I set off to the University of Northern Iowa with the thought of becoming a music teacher, presumably in a public school.    My first year in Music methods I met Martha Holvik an inspirational Suzuki Teacher who handed me my first copy of Nurtured by Love.   Once I started reading it I couldn't put it down.   I was still reading it early the next morning with out sleeping.   It was the first time that I heard of a teacher who had this amazing belief that "Music could save the World" if we worked for that purpose.   It was the first time that I heard that you could change the future of a child's life by influencing their environment.   I just wanted to meet this man one day long enough to say thank you.   Thank you for seeing in the hearts of children their real potential.

I graduated with a teaching degree in 97 at a time when school systems where laying off teachers in the Midwest.   My first year teaching the teachers went on strike that very Fall.   That year in the Midwest they laid off 300 music teachers.  I began to look for some way that I could get more experience teaching as a Suzuki teacher.   After finding a civil service job in the University Library at ISU were my parents lived I began saving to go to more institutes to get my credentials as a Suzuki teacher.   While teaching part time from my parents home I read every book on the Fine Arts Floor I could find about the Suzuki Method.  

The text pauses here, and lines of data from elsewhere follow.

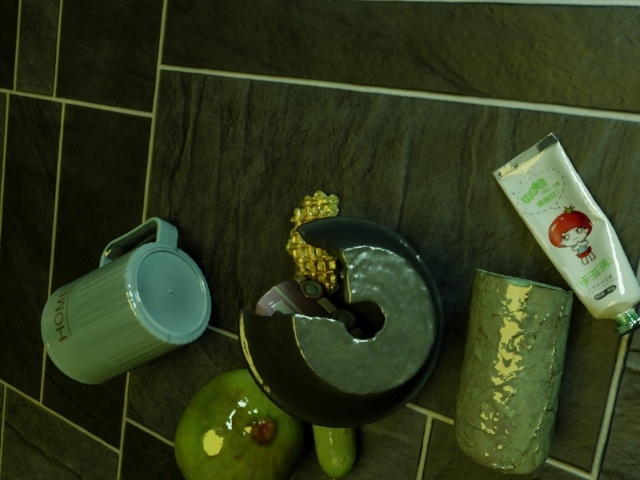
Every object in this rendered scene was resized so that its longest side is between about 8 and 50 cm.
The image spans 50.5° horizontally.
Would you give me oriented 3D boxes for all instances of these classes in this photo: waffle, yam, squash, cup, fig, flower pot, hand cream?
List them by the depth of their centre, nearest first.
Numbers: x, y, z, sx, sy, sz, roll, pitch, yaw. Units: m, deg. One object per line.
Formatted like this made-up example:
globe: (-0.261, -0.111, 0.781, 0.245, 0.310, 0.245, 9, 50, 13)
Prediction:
hand cream: (0.404, -0.006, 1.081, 0.121, 0.076, 0.336, -38, 66, 29)
yam: (0.307, 0.199, 1.094, 0.168, 0.168, 0.304, 12, 102, 34)
flower pot: (0.061, 0.135, 1.111, 0.379, 0.251, 0.379, 1, 82, -8)
squash: (0.029, 0.382, 1.353, 0.095, 0.095, 0.188, -6, 95, 35)
waffle: (0.000, 0.000, 1.367, 0.160, 0.046, 0.192, 37, 115, 28)
fig: (-0.181, 0.417, 1.415, 0.326, 0.258, 0.258, -45, 68, 47)
cup: (-0.429, 0.147, 1.589, 0.311, 0.331, 0.257, -25, 113, 32)

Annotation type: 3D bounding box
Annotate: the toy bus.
toy bus: (-0.027, 0.186, 1.322, 0.202, 0.142, 0.142, 42, 137, 26)
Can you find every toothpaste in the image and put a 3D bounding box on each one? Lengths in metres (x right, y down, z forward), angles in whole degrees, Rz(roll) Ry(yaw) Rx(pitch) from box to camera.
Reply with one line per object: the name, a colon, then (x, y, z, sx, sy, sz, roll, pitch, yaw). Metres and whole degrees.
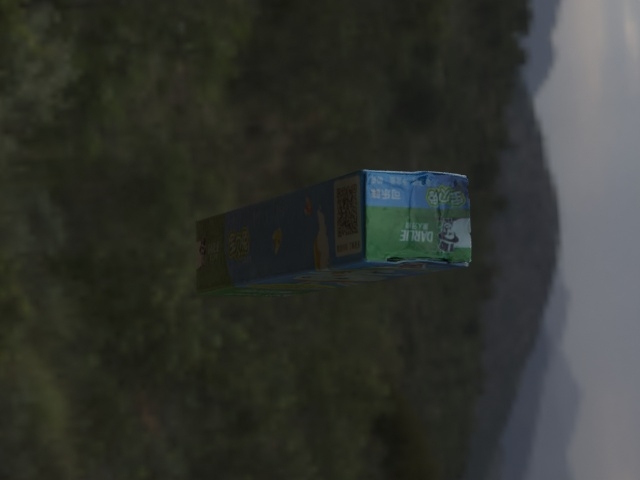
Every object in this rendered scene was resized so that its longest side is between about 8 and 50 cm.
toothpaste: (0.000, 0.000, 1.030, 0.267, 0.065, 0.050, 167, -77, -66)
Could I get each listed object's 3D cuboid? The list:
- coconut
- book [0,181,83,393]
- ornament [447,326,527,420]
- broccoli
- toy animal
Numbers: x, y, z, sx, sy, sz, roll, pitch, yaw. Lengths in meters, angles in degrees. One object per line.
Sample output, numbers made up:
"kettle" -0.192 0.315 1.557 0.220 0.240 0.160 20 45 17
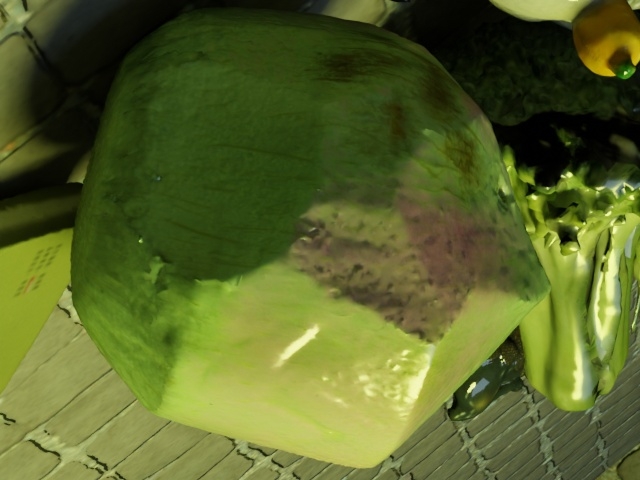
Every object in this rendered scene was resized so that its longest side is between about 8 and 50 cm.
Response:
"coconut" 0.000 0.000 0.888 0.236 0.236 0.204 -15 128 -50
"book" -0.283 0.091 0.896 0.352 0.035 0.239 -20 155 -44
"ornament" 0.197 0.043 1.607 0.202 0.080 0.236 -29 161 -35
"broccoli" 0.139 -0.011 1.093 0.263 0.247 0.243 -26 121 -25
"toy animal" 0.097 -0.140 0.945 0.127 0.131 0.182 -7 -178 13

Fascinated by Dr. Suzuki's theories about language I took courses in language acquisition and begging Japanese.    While I was taking teacher training on book 5 at Stevens Point one summer Dr. Suzuki came to visit the Institute.   He taught an afternoon session with the children  and then the teachers.   Even the teacher trainees were invited to have a session with him.   It was the first time that I can remember him making adjustments on my bow arm.   I was so impressed that someone who barely spoke English could teach something as technical as the violin.

That week my American Suzuki Teachers encouraged me to consider going to study in Japan for at least 3 months.   After asking for their assistance with their letters, I left the institute filled with energy.   I used the next two years to save more than I needed for the trip and finish all of the paper work.  In February of 1989 I left to stay a brief time with my Sister in California before boarding a plane to Japan.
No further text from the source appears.